Regular low-to-moderate intensity physical activity consistently reduces fibromyalgia symptom severity, including pain intensity, fatigue, and cognitive function, in randomised controlled trials. The challenge is pacing: overexertion on better days, followed by significant flares, is a common pattern that worsens the overall trajectory. Graduated aerobic activity, starting at very low intensity and increasing slowly over weeks, is the evidence-based approach. Activities like walking, swimming, and cycling tend to be better tolerated than high-impact exercise.

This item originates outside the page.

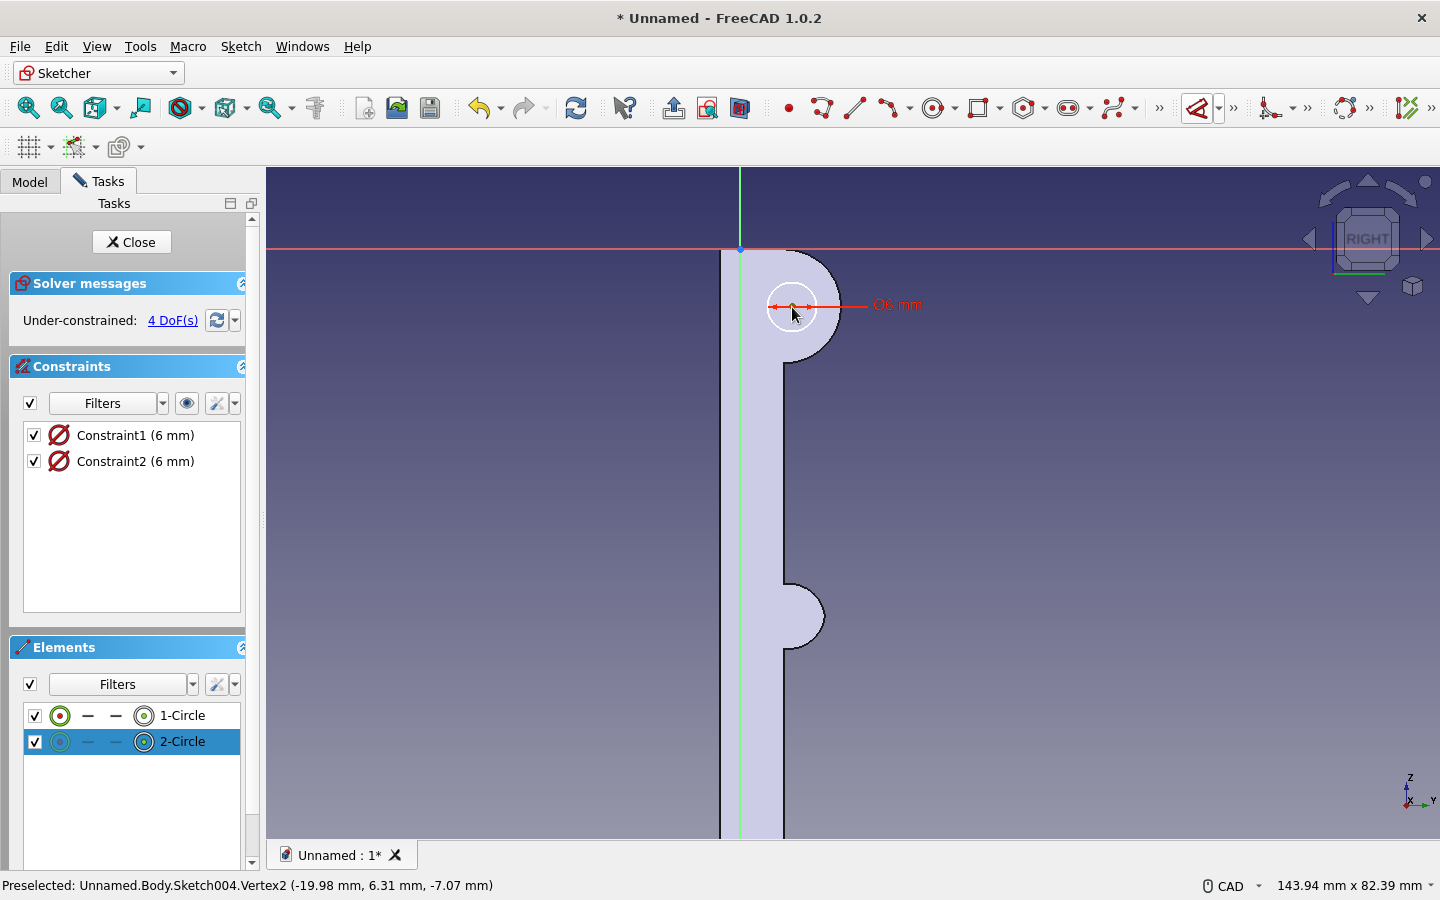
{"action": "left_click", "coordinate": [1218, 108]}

Addressing nutrient deficiencies

Correcting identified deficiencies, particularly vitamin D, B12, and ferritin, should be a first step before pursuing more complex symptom management approaches. Vitamin D supplementation in deficient individuals improves musculoskeletal pain and may reduce fatigue. B12 repletion in deficient individuals is associated with improvements in cognitive symptoms and fatigue. Iron supplementation in those with low ferritin addresses restless leg syndrome and reduces fatigue. Tracking these biomarkers before and after supplementation gives measurable confirmation that levels are improving.

Gut health and the microbiome connection

A growing body of research links gut microbiome composition to central sensitisation and widespread pain conditions. Gut dysbiosis, which produces systemic inflammatory signalling, may worsen the neuroinflammatory environment relevant to fibromyalgia. Supporting microbiome diversity through a varied plant-rich diet, reducing ultra-processed food intake, and tracking microbiome composition over time is a practical approach with meaningful supporting evidence, even if the specific mechanisms in fibromyalgia are still being characterised.